__Activity__
The task calls for the count of lines containing "object" in these records, given as a number with no other words.

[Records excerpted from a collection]
#####
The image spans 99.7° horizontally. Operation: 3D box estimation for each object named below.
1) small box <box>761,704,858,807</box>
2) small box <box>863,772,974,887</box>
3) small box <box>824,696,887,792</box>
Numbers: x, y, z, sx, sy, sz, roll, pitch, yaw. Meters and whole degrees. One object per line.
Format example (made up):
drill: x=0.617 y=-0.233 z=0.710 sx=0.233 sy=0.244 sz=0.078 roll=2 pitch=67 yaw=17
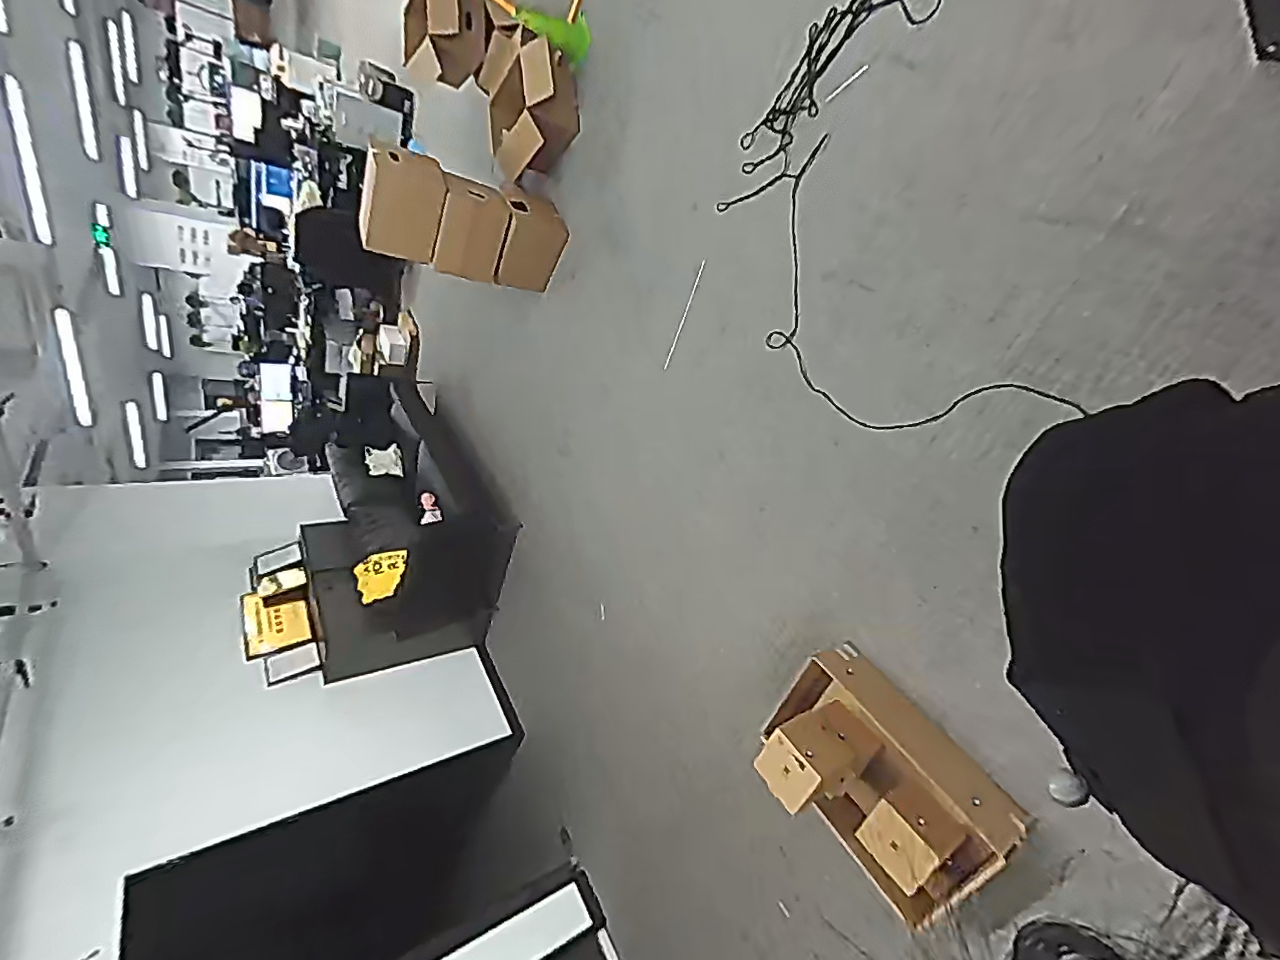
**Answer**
small box: x=0.481 y=0.773 z=1.529 sx=0.168 sy=0.176 sz=0.179 roll=45 pitch=127 yaw=40
small box: x=0.751 y=0.932 z=1.456 sx=0.179 sy=0.176 sz=0.168 roll=44 pitch=125 yaw=43
small box: x=0.607 y=0.788 z=1.635 sx=0.179 sy=0.176 sz=0.168 roll=41 pitch=123 yaw=43
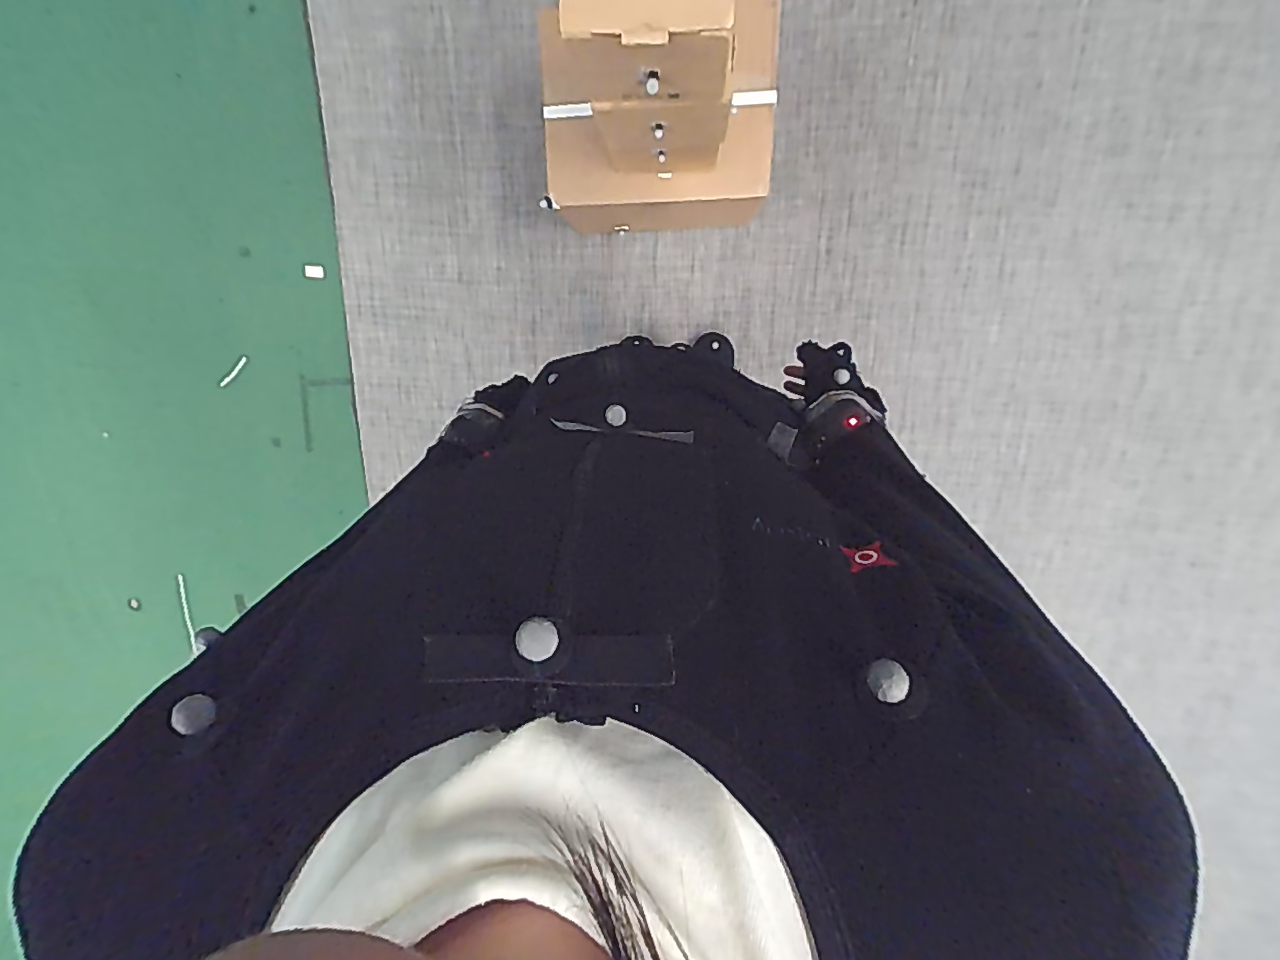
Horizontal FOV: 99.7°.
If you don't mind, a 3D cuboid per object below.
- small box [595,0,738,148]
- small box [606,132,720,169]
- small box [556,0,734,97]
[{"bbox_3d":[0.034,-0.559,0.715,0.179,0.176,0.168,-2,107,6],"label":"small box"},{"bbox_3d":[0.043,-0.611,0.870,0.179,0.176,0.168,2,107,4],"label":"small box"},{"bbox_3d":[0.015,-0.521,0.556,0.168,0.176,0.179,5,108,6],"label":"small box"}]
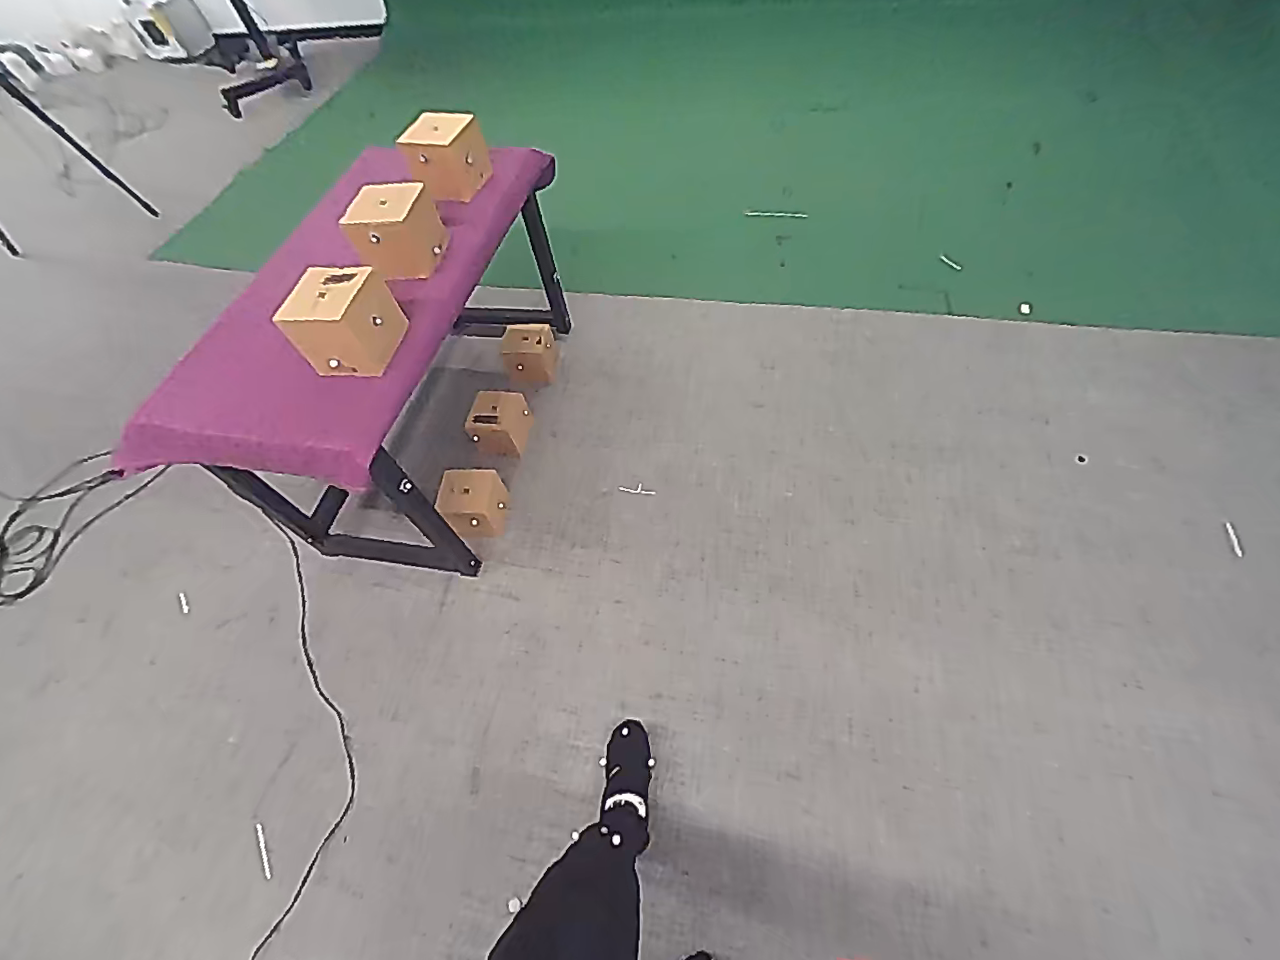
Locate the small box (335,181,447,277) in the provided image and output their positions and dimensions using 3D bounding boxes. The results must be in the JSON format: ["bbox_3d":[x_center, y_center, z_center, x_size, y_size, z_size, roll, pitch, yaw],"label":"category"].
[{"bbox_3d":[-0.632,-0.642,1.393,0.179,0.176,0.168,3,58,9],"label":"small box"}]

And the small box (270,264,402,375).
[{"bbox_3d":[-0.664,-0.359,1.210,0.168,0.176,0.179,3,58,11],"label":"small box"}]

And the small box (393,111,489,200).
[{"bbox_3d":[-0.573,-0.948,1.585,0.179,0.176,0.168,12,60,15],"label":"small box"}]

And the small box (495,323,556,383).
[{"bbox_3d":[-0.449,-0.501,2.149,0.179,0.176,0.168,1,57,8],"label":"small box"}]

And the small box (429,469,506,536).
[{"bbox_3d":[-0.560,0.077,1.786,0.179,0.176,0.168,-1,57,7],"label":"small box"}]
#####
__Response to the exercise__
3